Every student of the New Testament knows Paul taught a great deal about love and humility and living a life of grace.  Think of his words to these same Corinthians in his earlier letter to them (1:13:2), “If I have prophetic powers, and understand all mysteries and all knowledge, and if I have all faith, so as to remove mountains, but have not love, I am nothing.”  Knowing the truth is important, faith is vital, but love trumps all, it seems the great apostle was saying.

So it is important to pay particular attention when the Apostle of Love becomes contentious.  When it came to properly understanding and stating what the Gospel is, Paul became fierce.  In writing to some of the churches in the region of Galatia (modern day western Turkey) he made clear that living a life of love did not mean being muddled about what the genuine Christian faith is and what it is not.  He recounted to them a confrontation he once had in Jerusalem.

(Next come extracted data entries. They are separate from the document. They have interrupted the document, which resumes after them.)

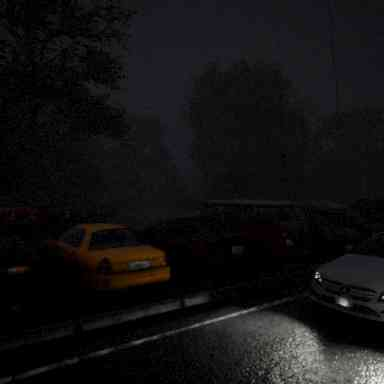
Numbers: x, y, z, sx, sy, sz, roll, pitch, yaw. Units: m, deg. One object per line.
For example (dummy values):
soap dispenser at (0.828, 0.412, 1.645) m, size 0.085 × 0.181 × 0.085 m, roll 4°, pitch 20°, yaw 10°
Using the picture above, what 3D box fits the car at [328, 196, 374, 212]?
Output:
car at (19.229, 1.435, 40.303) m, size 2.185 × 1.767 × 4.553 m, roll 0°, pitch 0°, yaw -36°

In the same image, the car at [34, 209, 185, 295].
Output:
car at (-2.557, 1.470, 8.877) m, size 1.946 × 1.575 × 5.366 m, roll 0°, pitch 0°, yaw -36°

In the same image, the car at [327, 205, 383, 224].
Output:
car at (6.695, 1.530, 15.216) m, size 2.163 × 1.488 × 4.792 m, roll 0°, pitch 0°, yaw -36°

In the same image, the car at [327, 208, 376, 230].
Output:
car at (4.413, 1.523, 13.587) m, size 2.163 × 1.488 × 4.792 m, roll 0°, pitch 0°, yaw -36°

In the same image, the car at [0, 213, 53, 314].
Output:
car at (-4.725, 1.467, 7.095) m, size 2.097 × 1.535 × 5.008 m, roll 0°, pitch 0°, yaw -36°

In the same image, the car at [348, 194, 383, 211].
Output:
car at (23.750, 1.323, 43.527) m, size 2.435 × 2.045 × 5.566 m, roll 0°, pitch 0°, yaw -36°

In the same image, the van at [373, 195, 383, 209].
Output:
van at (28.217, 1.361, 46.823) m, size 1.878 × 1.987 × 4.442 m, roll 0°, pitch 0°, yaw -36°

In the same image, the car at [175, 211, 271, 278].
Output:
car at (-0.184, 1.509, 10.378) m, size 2.163 × 1.488 × 4.792 m, roll 0°, pitch 0°, yaw -36°

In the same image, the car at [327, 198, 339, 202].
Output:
car at (12.465, 1.541, 35.445) m, size 2.231 × 1.521 × 4.892 m, roll 0°, pitch 0°, yaw -35°

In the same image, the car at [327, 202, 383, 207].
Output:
car at (8.963, 1.507, 16.864) m, size 2.097 × 1.535 × 5.008 m, roll 0°, pitch 0°, yaw -36°

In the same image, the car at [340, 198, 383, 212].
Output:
car at (21.524, 1.597, 41.868) m, size 2.163 × 1.488 × 4.792 m, roll 0°, pitch 0°, yaw -36°

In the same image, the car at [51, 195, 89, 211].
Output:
car at (-8.045, 1.227, 20.765) m, size 2.435 × 2.045 × 5.566 m, roll 0°, pitch 0°, yaw -36°

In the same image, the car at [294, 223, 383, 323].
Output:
car at (4.383, 1.538, 6.801) m, size 4.674 × 1.442 × 1.812 m, roll 0°, pitch 0°, yaw -35°

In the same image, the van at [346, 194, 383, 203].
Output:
van at (11.310, 1.288, 18.402) m, size 1.878 × 1.987 × 4.442 m, roll 0°, pitch 0°, yaw -36°

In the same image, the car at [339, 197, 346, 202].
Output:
car at (14.836, 1.544, 36.903) m, size 1.946 × 1.575 × 5.366 m, roll 0°, pitch 0°, yaw -36°

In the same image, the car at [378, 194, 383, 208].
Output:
car at (30.528, 1.343, 48.364) m, size 2.435 × 2.045 × 5.566 m, roll 0°, pitch 0°, yaw -36°

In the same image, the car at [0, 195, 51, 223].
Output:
car at (-10.212, 1.221, 19.219) m, size 2.435 × 2.045 × 5.566 m, roll 0°, pitch 0°, yaw -35°

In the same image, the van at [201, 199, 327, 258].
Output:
van at (2.183, 1.261, 11.888) m, size 1.878 × 1.987 × 4.442 m, roll 0°, pitch 0°, yaw -36°
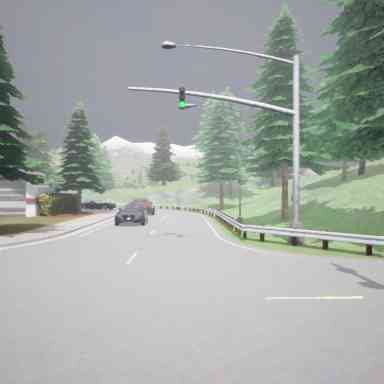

Before he had gotten too far along in his public ministry, Paul went up to Jerusalem from Antioch in a fairly submissive and collegial spirit to confirm with the Jerusalem leaders that the Gospel he was preaching to the non-Jews was consistent with the Gospel preached by those who’d kept company with Jesus.  They agreed that it was.

But then Paul added this piece of the story:

“Yet because of false brothers secretly brought in—who slipped in to spy out our freedom that we have in Christ Jesus, so that they might bring us into slavery— to them we did not yield in submission even for a moment, so that the truth of the gospel might be preserved for you.” (Galatians 2:4-5)

Why did Paul take such a strong stand for the “truth of the gospel” as he put it?  Why did he insist that the Gospel he preached—the Gospel he and the Jerusalem pillars agreed on—why did he fight so that that Gospel might be preserved for them, for you and for me?

Paul understood that the Gospel is life-giving.  But when we change it, or others change it for us, it loses it’s effectiveness.  It is no longer the Gospel.  So, let me ask you a very important question:  what do you say that Gospel is?  What do you think of when we talk about the Gospel?

In that same first letter to the Church at Corinth, Paul spoke about the Gospel that he had taught them.  He wrote,

“Now I would remind you, brothers, of the gospel I preached to you, which you received, in which you stand, and by which you are being saved, if you hold fast to the word I preached to you—unless you believed in vain.  For I delivered to you as of first importance what I also received:  that Christ died for our sins in accordance with the Scriptures, that he was buried, that he was raised on the third day in accordance with the Scriptures, and that he appeared to Cephas, then to the twelve”. (1 Corinthians 15:1-5)

What do you see in this passage?  Paul referred to the “gospel I preached to you” and I see six distinct pieces to it:

  • Christ—the Jewish Messiah, the promised deliverer, the prophet of whom Moses spoke—died
  • His death was for the sins of those who believed in him
  • His death was according to what had been prophesied
  • He was buried
  • He was raised on the third day
  • He appeared to his chosen followers.

How do these six assertions jive with your own understanding of the Gospel?  Think them over.  Examine your thinking to see if what you believe is consistent with the truth.

It’s important to think about the real Gospel, especially now at Christmas, because the sentimentality of the season can sometimes wash over us all with the notions of love and being with those we love and taking care of others—all good things.  The risk is that we miss the central truth to this season.

The Baby of Bethlehem did not come as a composite of all that is good about us but rather as the ultimately unique person on a mission to remove all that is bad about us. 

We need to consider the Gospel carefully, thoughtfully, repeatedly.  When you look at the six elements of the Gospel above, you may think of other aspects of the Gospel.  We’ll look at some of them in the next four posts.  As with God, so with his Gospel:  there is more.  So let us examine our thinking, because the hopeful result of Christmas is this:  “Jesus Christ in you.”

Happy Christmas to you and to all of us.